Today is Ash Wednesday 2019. One reading for this day comes from the words of the prophet Joel: "Return to me with all your heart... rend your hearts and not your clothing. Return to the Lord, your God, for God is gracious and merciful, slow to anger, and abounding in steadfast love." (Joel 2) Year after year I have listened to these words. I love them - and they always call me deeper. There is nothing harsh about this Lenten invitation to repent and turn back. It is a home-coming of sorts, a return to grace, trust and renewal. 

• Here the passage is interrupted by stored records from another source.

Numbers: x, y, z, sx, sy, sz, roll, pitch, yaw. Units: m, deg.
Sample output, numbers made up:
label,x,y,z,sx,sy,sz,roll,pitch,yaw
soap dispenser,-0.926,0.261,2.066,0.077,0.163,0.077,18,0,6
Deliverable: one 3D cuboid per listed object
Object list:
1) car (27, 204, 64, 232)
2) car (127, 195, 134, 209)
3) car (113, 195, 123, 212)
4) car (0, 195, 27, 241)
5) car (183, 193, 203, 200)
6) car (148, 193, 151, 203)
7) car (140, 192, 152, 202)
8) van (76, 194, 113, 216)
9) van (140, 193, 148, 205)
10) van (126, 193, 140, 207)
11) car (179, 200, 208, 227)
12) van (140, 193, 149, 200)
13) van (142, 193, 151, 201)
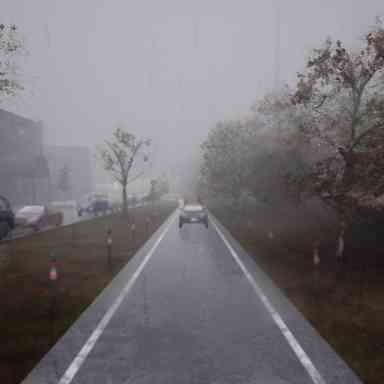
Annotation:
label,x,y,z,sx,sy,sz,roll,pitch,yaw
car,-9.052,1.429,19.482,2.002,1.452,4.674,0,0,0
car,-9.075,1.432,41.649,2.163,1.488,4.792,0,-1,-2
car,-9.070,1.393,36.138,2.231,1.521,4.892,0,-1,-2
car,-9.044,1.142,12.737,2.435,2.045,5.566,0,0,1
car,0.103,1.197,40.655,2.150,2.045,5.566,0,0,0
car,-9.862,1.475,69.349,2.002,1.452,4.674,1,-1,-5
car,-10.385,1.185,74.887,2.435,2.045,5.566,1,-1,-9
van,-9.069,1.181,30.453,1.878,1.987,4.442,0,0,2
van,-9.249,1.198,58.113,1.878,1.987,4.442,0,-1,-2
van,-9.085,1.186,48.162,1.878,1.987,4.442,0,-1,-2
car,0.104,1.482,22.213,1.812,1.442,4.674,0,0,0
van,-13.143,1.232,91.341,1.878,1.987,4.442,1,-1,-15
van,-11.096,1.211,80.344,1.878,1.987,4.442,1,-1,-10
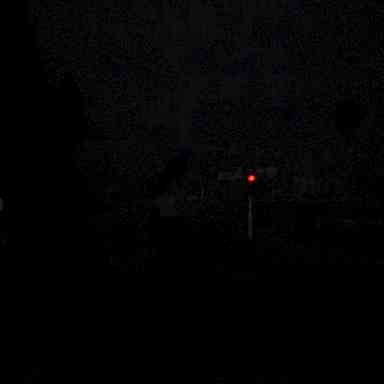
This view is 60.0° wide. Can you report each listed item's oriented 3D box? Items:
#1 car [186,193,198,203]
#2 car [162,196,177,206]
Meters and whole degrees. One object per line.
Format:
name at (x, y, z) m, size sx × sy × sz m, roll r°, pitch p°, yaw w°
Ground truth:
car at (-0.006, 1.200, 70.287) m, size 2.150 × 2.045 × 5.566 m, roll 0°, pitch 0°, yaw 0°
car at (-4.054, 1.657, 57.908) m, size 1.812 × 1.442 × 4.674 m, roll 0°, pitch 0°, yaw 0°
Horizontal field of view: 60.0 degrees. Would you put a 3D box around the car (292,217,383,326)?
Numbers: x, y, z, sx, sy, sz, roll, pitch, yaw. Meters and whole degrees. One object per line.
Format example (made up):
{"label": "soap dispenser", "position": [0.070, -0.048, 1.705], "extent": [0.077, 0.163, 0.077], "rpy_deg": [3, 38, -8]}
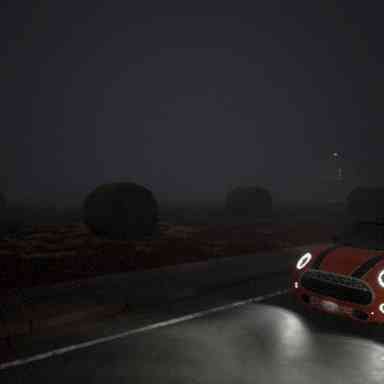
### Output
{"label": "car", "position": [4.185, 1.350, 6.967], "extent": [4.553, 1.767, 2.097], "rpy_deg": [0, 0, -35]}
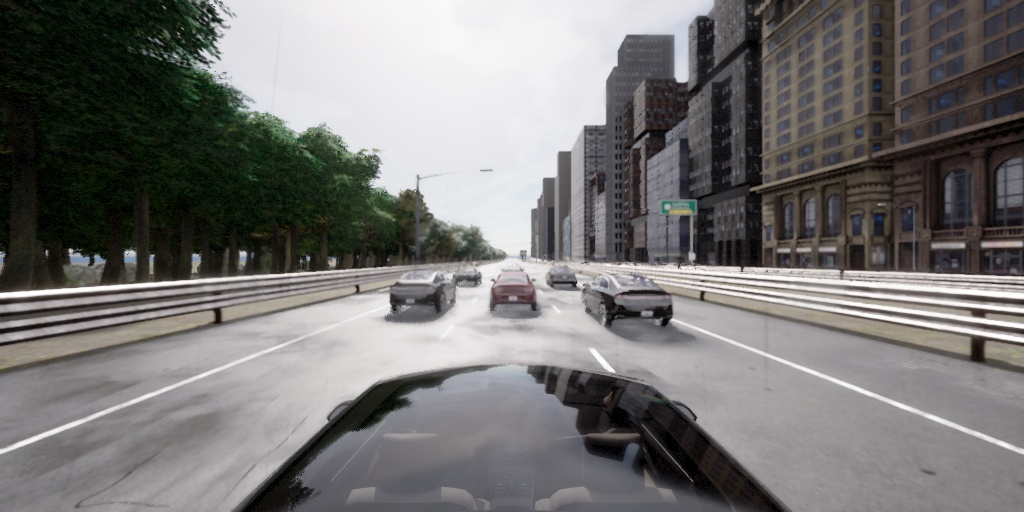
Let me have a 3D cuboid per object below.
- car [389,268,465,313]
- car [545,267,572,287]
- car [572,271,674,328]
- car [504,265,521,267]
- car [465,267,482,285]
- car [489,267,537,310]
[{"bbox_3d":[-3.444,1.339,14.605,2.128,1.511,4.902,0,0,0],"label":"car"},{"bbox_3d":[3.526,1.489,26.267,2.033,1.411,5.357,0,0,0],"label":"car"},{"bbox_3d":[3.542,1.317,11.774,2.128,1.511,4.902,0,0,1],"label":"car"},{"bbox_3d":[0.049,1.463,29.956,2.128,1.511,4.902,0,0,0],"label":"car"},{"bbox_3d":[-3.459,1.560,28.528,1.895,1.301,4.718,0,0,0],"label":"car"},{"bbox_3d":[0.059,1.378,15.169,1.812,1.442,4.674,0,0,0],"label":"car"}]
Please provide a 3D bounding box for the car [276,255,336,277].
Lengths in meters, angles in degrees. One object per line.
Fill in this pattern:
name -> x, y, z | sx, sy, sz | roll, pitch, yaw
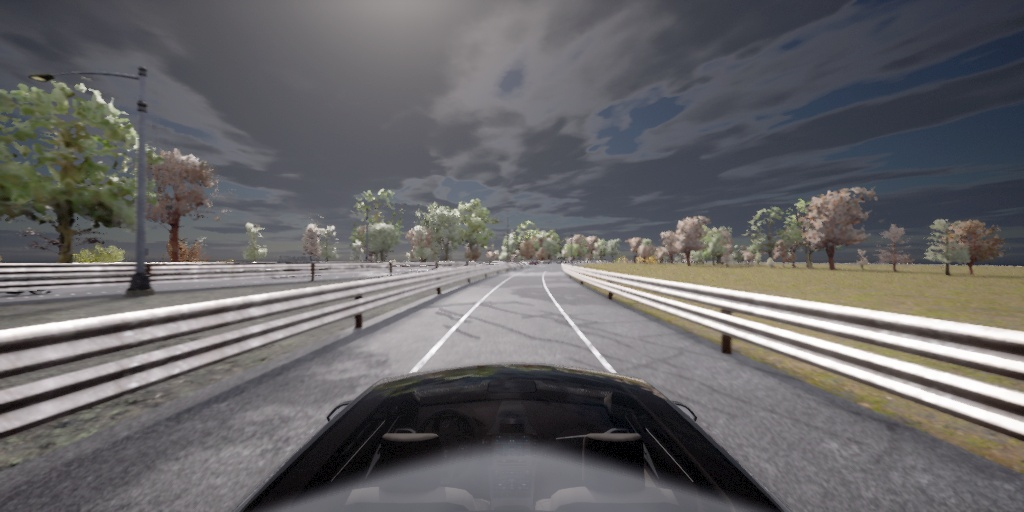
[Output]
car -> -21.168, 0.960, 36.637 | 2.150, 2.045, 5.566 | 0, -1, 15

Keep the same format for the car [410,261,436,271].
car -> -13.103, 1.494, 52.966 | 2.033, 1.411, 5.357 | 0, -1, 16

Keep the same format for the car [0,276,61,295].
car -> -22.848, 1.070, 15.497 | 1.994, 1.385, 4.181 | 0, -1, 14
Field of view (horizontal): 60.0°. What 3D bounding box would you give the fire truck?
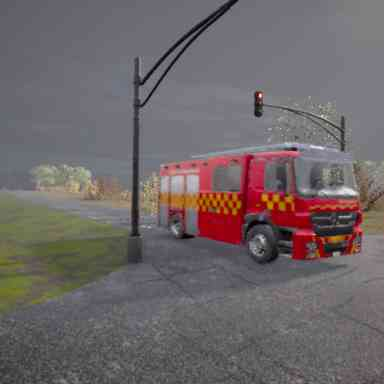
[{"bbox_3d":[1.798,0.215,12.833,2.891,3.827,8.468,1,0,-32],"label":"fire truck"}]
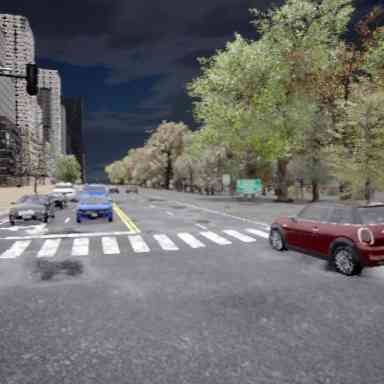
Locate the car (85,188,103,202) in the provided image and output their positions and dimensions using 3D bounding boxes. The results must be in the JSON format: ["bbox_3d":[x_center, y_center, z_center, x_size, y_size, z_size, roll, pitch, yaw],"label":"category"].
[{"bbox_3d":[-11.517,0.283,39.108,1.812,1.442,4.674,-1,2,-16],"label":"car"}]

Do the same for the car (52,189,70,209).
[{"bbox_3d":[-11.571,0.729,27.783,1.895,1.301,4.718,-1,2,-16],"label":"car"}]

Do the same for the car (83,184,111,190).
[{"bbox_3d":[-8.601,0.288,29.186,2.150,2.045,5.566,-1,2,-16],"label":"car"}]

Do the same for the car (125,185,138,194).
[{"bbox_3d":[-10.879,-0.489,59.962,2.128,1.511,4.902,1,1,-17],"label":"car"}]

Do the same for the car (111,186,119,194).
[{"bbox_3d":[-14.096,-0.392,59.277,1.812,1.442,4.674,-3,1,-16],"label":"car"}]

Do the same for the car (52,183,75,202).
[{"bbox_3d":[-14.603,0.029,38.062,2.150,2.045,5.566,-1,2,-16],"label":"car"}]

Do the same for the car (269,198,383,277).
[{"bbox_3d":[4.132,1.022,9.796,2.097,1.767,4.553,-3,1,-17],"label":"car"}]

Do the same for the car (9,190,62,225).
[{"bbox_3d":[-8.928,0.897,18.899,2.128,1.511,4.902,-1,2,-17],"label":"car"}]

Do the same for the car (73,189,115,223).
[{"bbox_3d":[-5.770,0.841,19.673,1.882,1.535,5.008,-1,2,-16],"label":"car"}]
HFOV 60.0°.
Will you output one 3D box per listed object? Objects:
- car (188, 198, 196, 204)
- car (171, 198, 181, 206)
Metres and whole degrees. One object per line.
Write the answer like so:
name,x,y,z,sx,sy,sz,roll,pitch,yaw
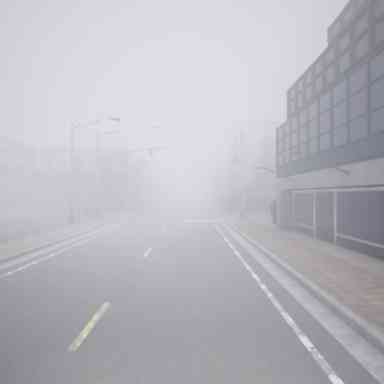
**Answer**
car,-0.018,2.147,78.902,2.033,1.411,5.357,0,-1,0
car,-3.517,2.172,71.852,1.837,1.490,4.892,0,-1,0
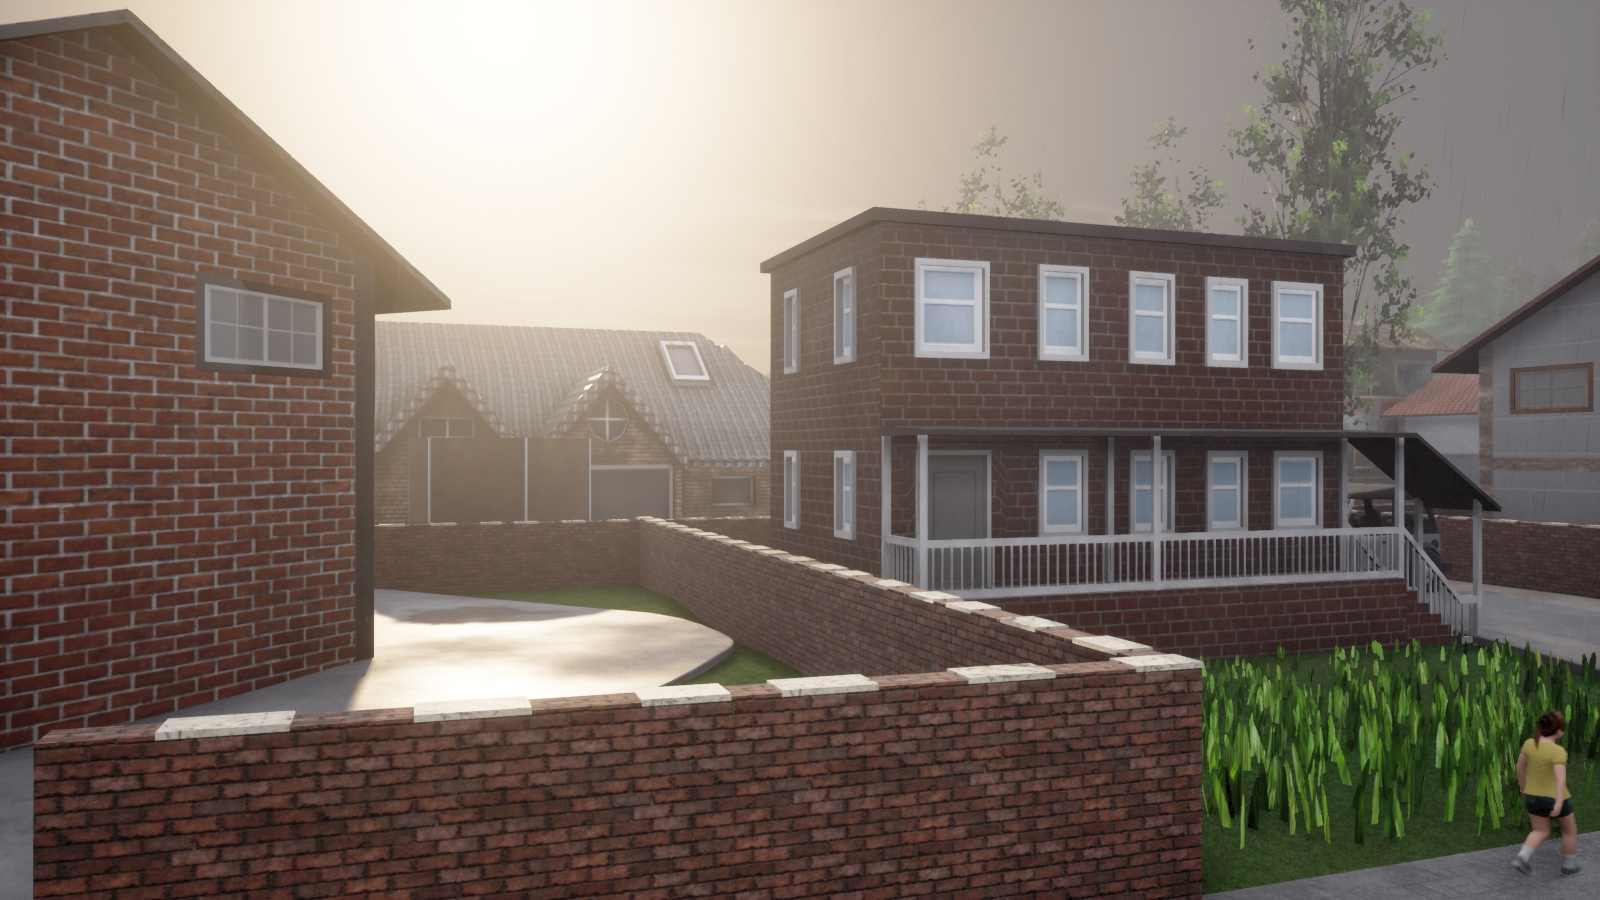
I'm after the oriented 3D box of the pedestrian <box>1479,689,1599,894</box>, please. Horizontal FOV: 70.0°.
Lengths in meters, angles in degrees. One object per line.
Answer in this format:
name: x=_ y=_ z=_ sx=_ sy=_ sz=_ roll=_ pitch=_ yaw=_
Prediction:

Henri Nouwen once wrote that Lent is the season where we practice choosing the way of God again. Every day there are numerous choices to make with our time, money, thoughts, and energy. With our whole lives. On Ash Wednesday we take time to review our life choices: we let God's forgiveness and love embrace our hearts without reservation, we humbly accept God's inward cleansing and renewal, and we decide again to walk in the way of Christ for another year. To choose the way of Christ is to take up our Cross and let our unique wounds become the source of our healing. Nouwen puts it like this:

Your call is to bring you pain home (to God.) As long as your wounded parts remain foreign to your (mature heart) your pain will injure you as well as others. So you have to incorporate it into your self and let it bear fruit in your heart and the hearts of others. This is what Jesus means when he asks you to take up your cross. He encourages you to recognize and embrace your unique suffering and to trust that your way to salvation lies therein. Taking up your cross means, first of all, befriending your wounds and letting them reveal to you your own truth.

In the Sermon on the Mount as recorded in St. Matthew, Jesus teaches those who seek to follow him that his way is about ripening. Maturing. Reaching our completion. The English text reads: "Be perfect as your heavenly Father is perfect." (Mt. 5: 48) But perfect is not a useful rendering of the Greek, teleios (τέλειος, α, ον.) For"perfect" too often connotes moral purity or the absence of error to us. And, as best as I can tell, this is the polar opposite of what Jesus is telling us. His standards may be high, but they are not impossible. That is why Biblical scholars suggest that a truer translation might be: "Become mature in the way of the Lord" or "grow to completion" or even "let your character ripen as God is fully formed." In Eugene Peterson's rendering in The Message, it becomes: Live out your God-created identity. Live generously and graciously toward others, the way God lives toward you.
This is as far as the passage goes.